Many U.S. citizens in Beveridge's time
believed the economic problems of the mid-1890s came from a lack of markets for
American goods. Theodore Roosevelt and Captain Alfred Thayer Mahan, one of the
most popular writers of that time, embraced America’s rise to world power. They
believed the U.S.
navy was vital to continued power and the "civilizing" effects of
economic prosperity and military ambition.
During the 1880s the United
States had begun to build a stronger navy,
motivated mostly by the need to protect its economic interests overseas. According to Mahan and Roosevelt, this new
military power could be used for more than just economic benefits. With the
model of Great Britain in mind, the United States could secure itself against
economic decline and revolutionary upheaval by becoming a world leader in every
sense of the word--economically, militarily, morally, and symbolically. A
shining naval fleet was fundamental to such power.
The United States, which Beveridge
described as a "glorious young manhood," must then capitalize on its
situation in gaining the Philippine territory and begin a colonial trade system
with its newly acquired partners (18). Much like Theodore Roosevelt’s famous
speech, "The Strenuous Life," Beveridge’s speech tied imperial destiny
to masculinity, making isolation look weak and cowardly. Beveridge moved to
describe the lands of Cuba, Puerto Rico, and the Philippines (using feminine
prepositions, as tradition would have it) as virgin land ready for the taking
by the "manhood" that is the American people (18). By couching his
economic claims in sexual metaphors, Beveridge explained the economic reward
for individual Americans--more jobs, more businesses, more natural resources,
and a reduction in income gaps that existed in the turn-of-the-century United States.
Beveridge pushed the
point further, asserting that the Democratic Party supported greedy
international powers such as England
or Germany who would take
the Philippines if the United States
did not. By shifting the calculus of values, Beveridge made his audience
believe failure to acquire the Philippines
would not only result in great economic loss for the United States, but also for the
Filipino people, who would soon be conquered by a less benign imperial power.

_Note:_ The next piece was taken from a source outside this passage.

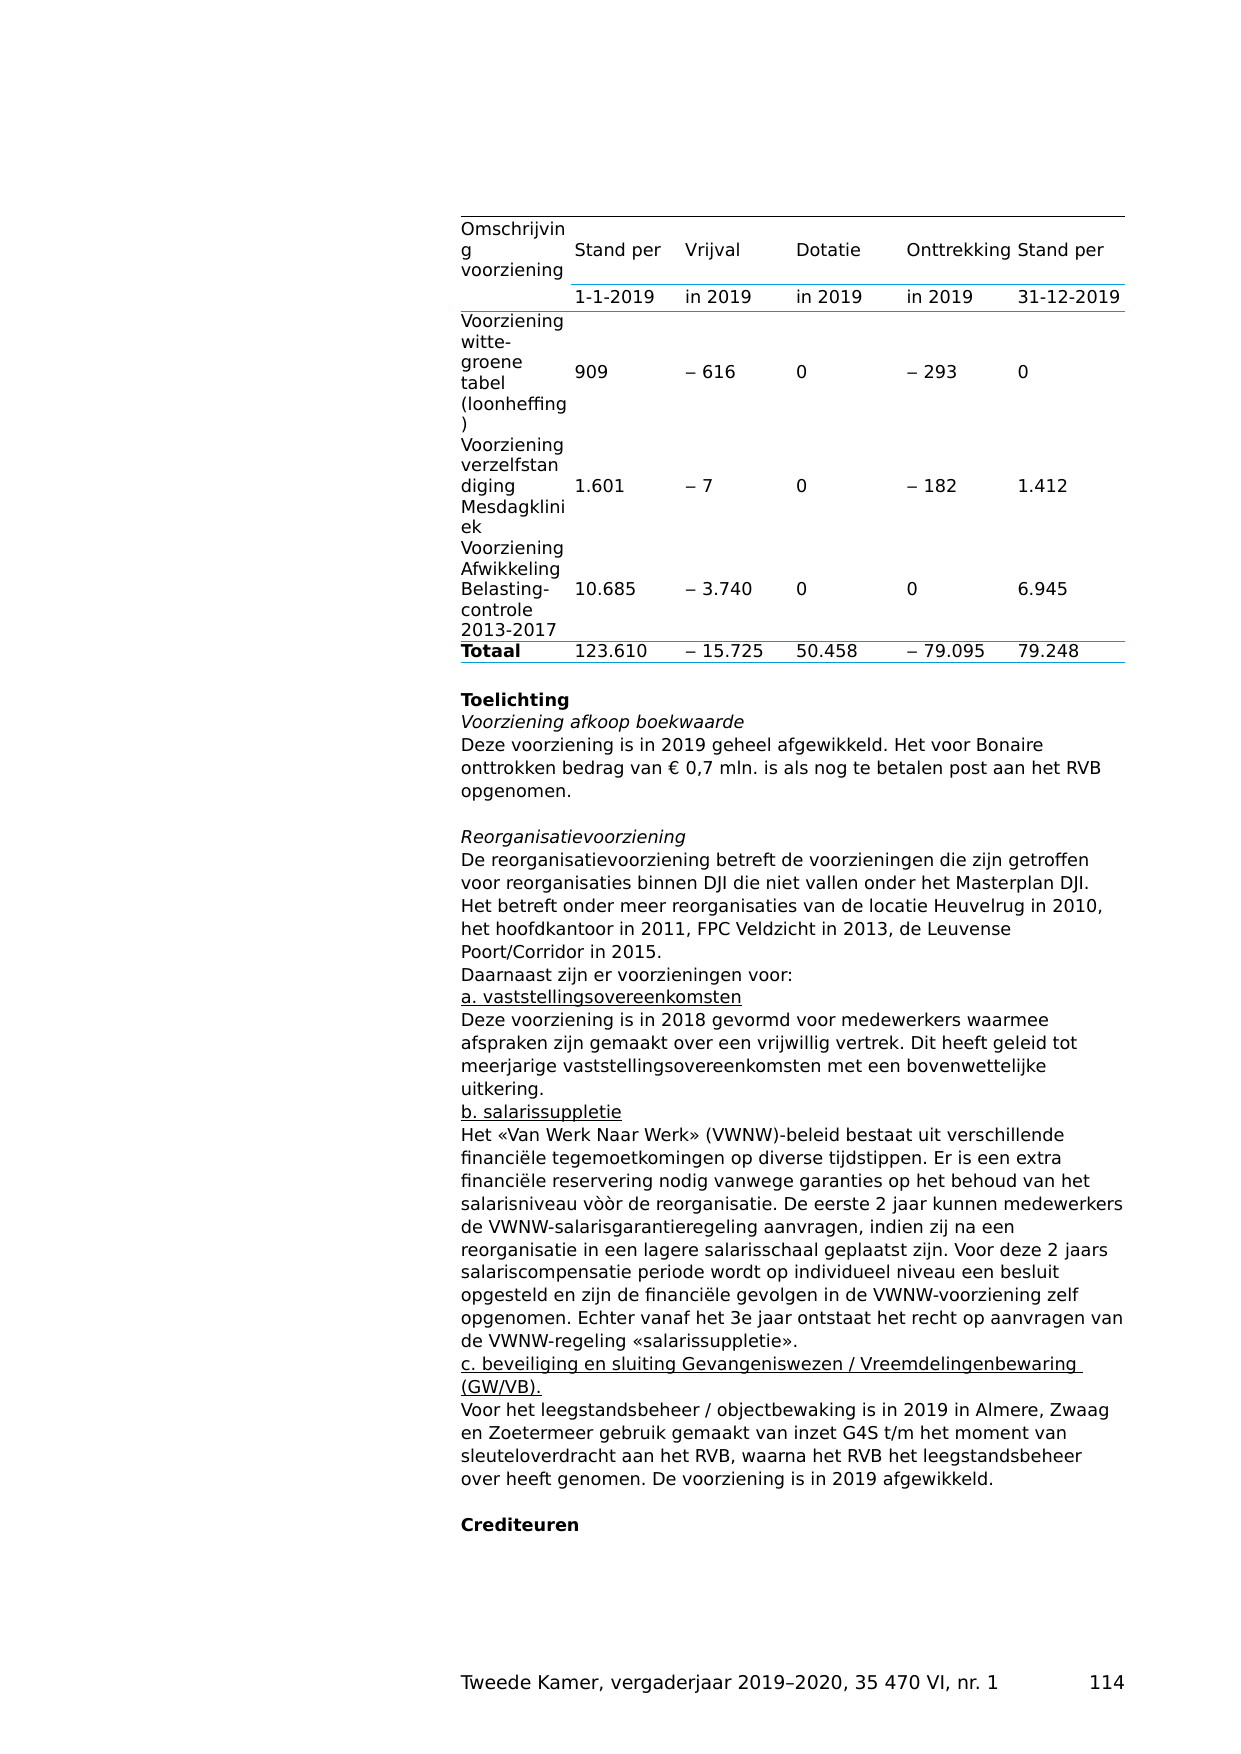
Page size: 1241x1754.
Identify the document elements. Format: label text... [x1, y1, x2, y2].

In fact, as Beveridge's speech warned the audience, a vote for the opposition
would reject all the work of the nation's forefathers, repudiate the soldiers
who fought valiantly in the Spanish-American War, and oppose God’s sacred
covenant to his chosen people. Beveridge showed himself to be not only a gifted
orator, but also an excruciatingly savvy politician in his fight for expanding
"civilization." A vote for the opposition meant a vote against
everything for which America
seemed to stand--enlightened civilization, liberty defined through divine will,
and the articulated narrative of the forward moving flag that heralded these
The Legacy of the "March of the
The immediate effects of the speech
were visible and widespread. The crowd
applauded and cheered wildly, both during his "march of the flag"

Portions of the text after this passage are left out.